-- Exercise aim --
Leave out the pictures, and write out exactly the lines from the beginning of the material to the line holding "Make the answer very short. -12.7.", that line included, and nothing else.
**** Provided material
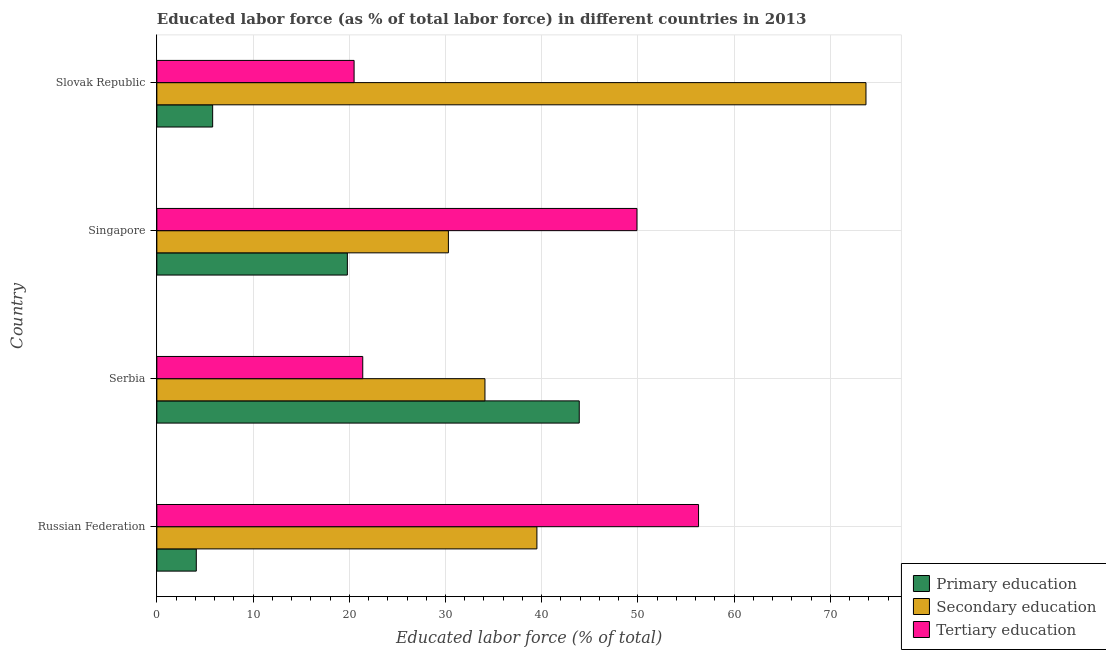How many groups of bars are there?
Provide a short and direct response. 4. How many bars are there on the 4th tick from the bottom?
Provide a succinct answer. 3. What is the label of the 2nd group of bars from the top?
Your answer should be very brief. Singapore. In how many cases, is the number of bars for a given country not equal to the number of legend labels?
Give a very brief answer. 0. What is the percentage of labor force who received primary education in Slovak Republic?
Your answer should be compact. 5.8. Across all countries, what is the maximum percentage of labor force who received tertiary education?
Offer a very short reply. 56.3. In which country was the percentage of labor force who received tertiary education maximum?
Ensure brevity in your answer.  Russian Federation. In which country was the percentage of labor force who received secondary education minimum?
Offer a terse response. Singapore. What is the total percentage of labor force who received primary education in the graph?
Your answer should be very brief. 73.6. What is the difference between the percentage of labor force who received primary education in Russian Federation and that in Serbia?
Keep it short and to the point. -39.8. What is the difference between the percentage of labor force who received primary education in Serbia and the percentage of labor force who received tertiary education in Russian Federation?
Your response must be concise. -12.4. What is the average percentage of labor force who received secondary education per country?
Keep it short and to the point. 44.4. What is the difference between the percentage of labor force who received tertiary education and percentage of labor force who received secondary education in Serbia?
Make the answer very short. -12.7. In how many countries, is the percentage of labor force who received primary education greater than 52 %?
Keep it short and to the point. 0. What is the ratio of the percentage of labor force who received primary education in Serbia to that in Slovak Republic?
Your answer should be very brief. 7.57. What is the difference between the highest and the second highest percentage of labor force who received secondary education?
Give a very brief answer. 34.2. What is the difference between the highest and the lowest percentage of labor force who received secondary education?
Provide a short and direct response. 43.4. Is the sum of the percentage of labor force who received tertiary education in Serbia and Slovak Republic greater than the maximum percentage of labor force who received secondary education across all countries?
Provide a short and direct response. No. What does the 3rd bar from the top in Russian Federation represents?
Provide a short and direct response. Primary education. What does the 2nd bar from the bottom in Singapore represents?
Give a very brief answer. Secondary education. Is it the case that in every country, the sum of the percentage of labor force who received primary education and percentage of labor force who received secondary education is greater than the percentage of labor force who received tertiary education?
Your answer should be very brief. No. How many bars are there?
Your answer should be compact. 12. Are all the bars in the graph horizontal?
Give a very brief answer. Yes. Does the graph contain grids?
Your answer should be compact. Yes. How many legend labels are there?
Provide a short and direct response. 3. What is the title of the graph?
Provide a succinct answer. Educated labor force (as % of total labor force) in different countries in 2013. What is the label or title of the X-axis?
Your response must be concise. Educated labor force (% of total). What is the Educated labor force (% of total) in Primary education in Russian Federation?
Ensure brevity in your answer.  4.1. What is the Educated labor force (% of total) in Secondary education in Russian Federation?
Provide a short and direct response. 39.5. What is the Educated labor force (% of total) in Tertiary education in Russian Federation?
Keep it short and to the point. 56.3. What is the Educated labor force (% of total) in Primary education in Serbia?
Offer a terse response. 43.9. What is the Educated labor force (% of total) of Secondary education in Serbia?
Your answer should be compact. 34.1. What is the Educated labor force (% of total) of Tertiary education in Serbia?
Provide a succinct answer. 21.4. What is the Educated labor force (% of total) of Primary education in Singapore?
Make the answer very short. 19.8. What is the Educated labor force (% of total) in Secondary education in Singapore?
Ensure brevity in your answer.  30.3. What is the Educated labor force (% of total) in Tertiary education in Singapore?
Your response must be concise. 49.9. What is the Educated labor force (% of total) in Primary education in Slovak Republic?
Your response must be concise. 5.8. What is the Educated labor force (% of total) of Secondary education in Slovak Republic?
Ensure brevity in your answer.  73.7. What is the Educated labor force (% of total) of Tertiary education in Slovak Republic?
Provide a succinct answer. 20.5. Across all countries, what is the maximum Educated labor force (% of total) of Primary education?
Make the answer very short. 43.9. Across all countries, what is the maximum Educated labor force (% of total) in Secondary education?
Provide a succinct answer. 73.7. Across all countries, what is the maximum Educated labor force (% of total) in Tertiary education?
Ensure brevity in your answer.  56.3. Across all countries, what is the minimum Educated labor force (% of total) in Primary education?
Keep it short and to the point. 4.1. Across all countries, what is the minimum Educated labor force (% of total) of Secondary education?
Your answer should be very brief. 30.3. Across all countries, what is the minimum Educated labor force (% of total) of Tertiary education?
Keep it short and to the point. 20.5. What is the total Educated labor force (% of total) of Primary education in the graph?
Your answer should be very brief. 73.6. What is the total Educated labor force (% of total) of Secondary education in the graph?
Your answer should be very brief. 177.6. What is the total Educated labor force (% of total) in Tertiary education in the graph?
Provide a short and direct response. 148.1. What is the difference between the Educated labor force (% of total) of Primary education in Russian Federation and that in Serbia?
Ensure brevity in your answer.  -39.8. What is the difference between the Educated labor force (% of total) of Secondary education in Russian Federation and that in Serbia?
Your response must be concise. 5.4. What is the difference between the Educated labor force (% of total) in Tertiary education in Russian Federation and that in Serbia?
Offer a very short reply. 34.9. What is the difference between the Educated labor force (% of total) in Primary education in Russian Federation and that in Singapore?
Your response must be concise. -15.7. What is the difference between the Educated labor force (% of total) in Secondary education in Russian Federation and that in Singapore?
Ensure brevity in your answer.  9.2. What is the difference between the Educated labor force (% of total) in Primary education in Russian Federation and that in Slovak Republic?
Give a very brief answer. -1.7. What is the difference between the Educated labor force (% of total) of Secondary education in Russian Federation and that in Slovak Republic?
Provide a short and direct response. -34.2. What is the difference between the Educated labor force (% of total) in Tertiary education in Russian Federation and that in Slovak Republic?
Your response must be concise. 35.8. What is the difference between the Educated labor force (% of total) of Primary education in Serbia and that in Singapore?
Keep it short and to the point. 24.1. What is the difference between the Educated labor force (% of total) of Secondary education in Serbia and that in Singapore?
Provide a succinct answer. 3.8. What is the difference between the Educated labor force (% of total) in Tertiary education in Serbia and that in Singapore?
Your answer should be very brief. -28.5. What is the difference between the Educated labor force (% of total) of Primary education in Serbia and that in Slovak Republic?
Your answer should be compact. 38.1. What is the difference between the Educated labor force (% of total) of Secondary education in Serbia and that in Slovak Republic?
Provide a succinct answer. -39.6. What is the difference between the Educated labor force (% of total) of Tertiary education in Serbia and that in Slovak Republic?
Your answer should be compact. 0.9. What is the difference between the Educated labor force (% of total) of Primary education in Singapore and that in Slovak Republic?
Your answer should be compact. 14. What is the difference between the Educated labor force (% of total) of Secondary education in Singapore and that in Slovak Republic?
Offer a terse response. -43.4. What is the difference between the Educated labor force (% of total) of Tertiary education in Singapore and that in Slovak Republic?
Give a very brief answer. 29.4. What is the difference between the Educated labor force (% of total) in Primary education in Russian Federation and the Educated labor force (% of total) in Tertiary education in Serbia?
Provide a short and direct response. -17.3. What is the difference between the Educated labor force (% of total) in Secondary education in Russian Federation and the Educated labor force (% of total) in Tertiary education in Serbia?
Make the answer very short. 18.1. What is the difference between the Educated labor force (% of total) in Primary education in Russian Federation and the Educated labor force (% of total) in Secondary education in Singapore?
Give a very brief answer. -26.2. What is the difference between the Educated labor force (% of total) of Primary education in Russian Federation and the Educated labor force (% of total) of Tertiary education in Singapore?
Your answer should be compact. -45.8. What is the difference between the Educated labor force (% of total) in Secondary education in Russian Federation and the Educated labor force (% of total) in Tertiary education in Singapore?
Offer a terse response. -10.4. What is the difference between the Educated labor force (% of total) of Primary education in Russian Federation and the Educated labor force (% of total) of Secondary education in Slovak Republic?
Offer a very short reply. -69.6. What is the difference between the Educated labor force (% of total) of Primary education in Russian Federation and the Educated labor force (% of total) of Tertiary education in Slovak Republic?
Your answer should be very brief. -16.4. What is the difference between the Educated labor force (% of total) in Primary education in Serbia and the Educated labor force (% of total) in Tertiary education in Singapore?
Make the answer very short. -6. What is the difference between the Educated labor force (% of total) of Secondary education in Serbia and the Educated labor force (% of total) of Tertiary education in Singapore?
Your response must be concise. -15.8. What is the difference between the Educated labor force (% of total) in Primary education in Serbia and the Educated labor force (% of total) in Secondary education in Slovak Republic?
Give a very brief answer. -29.8. What is the difference between the Educated labor force (% of total) of Primary education in Serbia and the Educated labor force (% of total) of Tertiary education in Slovak Republic?
Your answer should be compact. 23.4. What is the difference between the Educated labor force (% of total) of Secondary education in Serbia and the Educated labor force (% of total) of Tertiary education in Slovak Republic?
Make the answer very short. 13.6. What is the difference between the Educated labor force (% of total) in Primary education in Singapore and the Educated labor force (% of total) in Secondary education in Slovak Republic?
Ensure brevity in your answer.  -53.9. What is the difference between the Educated labor force (% of total) of Secondary education in Singapore and the Educated labor force (% of total) of Tertiary education in Slovak Republic?
Provide a short and direct response. 9.8. What is the average Educated labor force (% of total) of Primary education per country?
Provide a succinct answer. 18.4. What is the average Educated labor force (% of total) in Secondary education per country?
Ensure brevity in your answer.  44.4. What is the average Educated labor force (% of total) in Tertiary education per country?
Ensure brevity in your answer.  37.02. What is the difference between the Educated labor force (% of total) of Primary education and Educated labor force (% of total) of Secondary education in Russian Federation?
Your answer should be compact. -35.4. What is the difference between the Educated labor force (% of total) in Primary education and Educated labor force (% of total) in Tertiary education in Russian Federation?
Provide a succinct answer. -52.2. What is the difference between the Educated labor force (% of total) of Secondary education and Educated labor force (% of total) of Tertiary education in Russian Federation?
Provide a succinct answer. -16.8. What is the difference between the Educated labor force (% of total) of Primary education and Educated labor force (% of total) of Tertiary education in Serbia?
Make the answer very short. 22.5. What is the difference between the Educated labor force (% of total) of Secondary education and Educated labor force (% of total) of Tertiary education in Serbia?
Your response must be concise. 12.7. What is the difference between the Educated labor force (% of total) of Primary education and Educated labor force (% of total) of Tertiary education in Singapore?
Ensure brevity in your answer.  -30.1. What is the difference between the Educated labor force (% of total) in Secondary education and Educated labor force (% of total) in Tertiary education in Singapore?
Provide a short and direct response. -19.6. What is the difference between the Educated labor force (% of total) in Primary education and Educated labor force (% of total) in Secondary education in Slovak Republic?
Provide a succinct answer. -67.9. What is the difference between the Educated labor force (% of total) in Primary education and Educated labor force (% of total) in Tertiary education in Slovak Republic?
Provide a succinct answer. -14.7. What is the difference between the Educated labor force (% of total) of Secondary education and Educated labor force (% of total) of Tertiary education in Slovak Republic?
Ensure brevity in your answer.  53.2. What is the ratio of the Educated labor force (% of total) of Primary education in Russian Federation to that in Serbia?
Provide a short and direct response. 0.09. What is the ratio of the Educated labor force (% of total) in Secondary education in Russian Federation to that in Serbia?
Keep it short and to the point. 1.16. What is the ratio of the Educated labor force (% of total) of Tertiary education in Russian Federation to that in Serbia?
Make the answer very short. 2.63. What is the ratio of the Educated labor force (% of total) of Primary education in Russian Federation to that in Singapore?
Your response must be concise. 0.21. What is the ratio of the Educated labor force (% of total) of Secondary education in Russian Federation to that in Singapore?
Make the answer very short. 1.3. What is the ratio of the Educated labor force (% of total) of Tertiary education in Russian Federation to that in Singapore?
Provide a short and direct response. 1.13. What is the ratio of the Educated labor force (% of total) in Primary education in Russian Federation to that in Slovak Republic?
Your response must be concise. 0.71. What is the ratio of the Educated labor force (% of total) in Secondary education in Russian Federation to that in Slovak Republic?
Give a very brief answer. 0.54. What is the ratio of the Educated labor force (% of total) of Tertiary education in Russian Federation to that in Slovak Republic?
Your response must be concise. 2.75. What is the ratio of the Educated labor force (% of total) of Primary education in Serbia to that in Singapore?
Your answer should be compact. 2.22. What is the ratio of the Educated labor force (% of total) in Secondary education in Serbia to that in Singapore?
Keep it short and to the point. 1.13. What is the ratio of the Educated labor force (% of total) in Tertiary education in Serbia to that in Singapore?
Your answer should be compact. 0.43. What is the ratio of the Educated labor force (% of total) of Primary education in Serbia to that in Slovak Republic?
Keep it short and to the point. 7.57. What is the ratio of the Educated labor force (% of total) of Secondary education in Serbia to that in Slovak Republic?
Give a very brief answer. 0.46. What is the ratio of the Educated labor force (% of total) of Tertiary education in Serbia to that in Slovak Republic?
Make the answer very short. 1.04. What is the ratio of the Educated labor force (% of total) in Primary education in Singapore to that in Slovak Republic?
Offer a very short reply. 3.41. What is the ratio of the Educated labor force (% of total) of Secondary education in Singapore to that in Slovak Republic?
Offer a terse response. 0.41. What is the ratio of the Educated labor force (% of total) of Tertiary education in Singapore to that in Slovak Republic?
Your answer should be very brief. 2.43. What is the difference between the highest and the second highest Educated labor force (% of total) of Primary education?
Keep it short and to the point. 24.1. What is the difference between the highest and the second highest Educated labor force (% of total) in Secondary education?
Provide a succinct answer. 34.2. What is the difference between the highest and the second highest Educated labor force (% of total) in Tertiary education?
Your response must be concise. 6.4. What is the difference between the highest and the lowest Educated labor force (% of total) of Primary education?
Your answer should be very brief. 39.8. What is the difference between the highest and the lowest Educated labor force (% of total) in Secondary education?
Your answer should be very brief. 43.4. What is the difference between the highest and the lowest Educated labor force (% of total) of Tertiary education?
Your answer should be very brief. 35.8.
********
-- Answer to this exercise --
How many groups of bars are there?
Provide a short and direct response. 4. How many bars are there on the 4th tick from the bottom?
Provide a succinct answer. 3. What is the label of the 2nd group of bars from the top?
Your answer should be very brief. Singapore. In how many cases, is the number of bars for a given country not equal to the number of legend labels?
Give a very brief answer. 0. What is the percentage of labor force who received primary education in Slovak Republic?
Your answer should be compact. 5.8. Across all countries, what is the maximum percentage of labor force who received tertiary education?
Offer a very short reply. 56.3. In which country was the percentage of labor force who received tertiary education maximum?
Ensure brevity in your answer.  Russian Federation. In which country was the percentage of labor force who received secondary education minimum?
Offer a terse response. Singapore. What is the total percentage of labor force who received primary education in the graph?
Your answer should be very brief. 73.6. What is the difference between the percentage of labor force who received primary education in Russian Federation and that in Serbia?
Keep it short and to the point. -39.8. What is the difference between the percentage of labor force who received primary education in Serbia and the percentage of labor force who received tertiary education in Russian Federation?
Your response must be concise. -12.4. What is the average percentage of labor force who received secondary education per country?
Keep it short and to the point. 44.4. What is the difference between the percentage of labor force who received tertiary education and percentage of labor force who received secondary education in Serbia?
Make the answer very short. -12.7. In how many countries, is the percentage of labor force who received primary education greater than 52 %?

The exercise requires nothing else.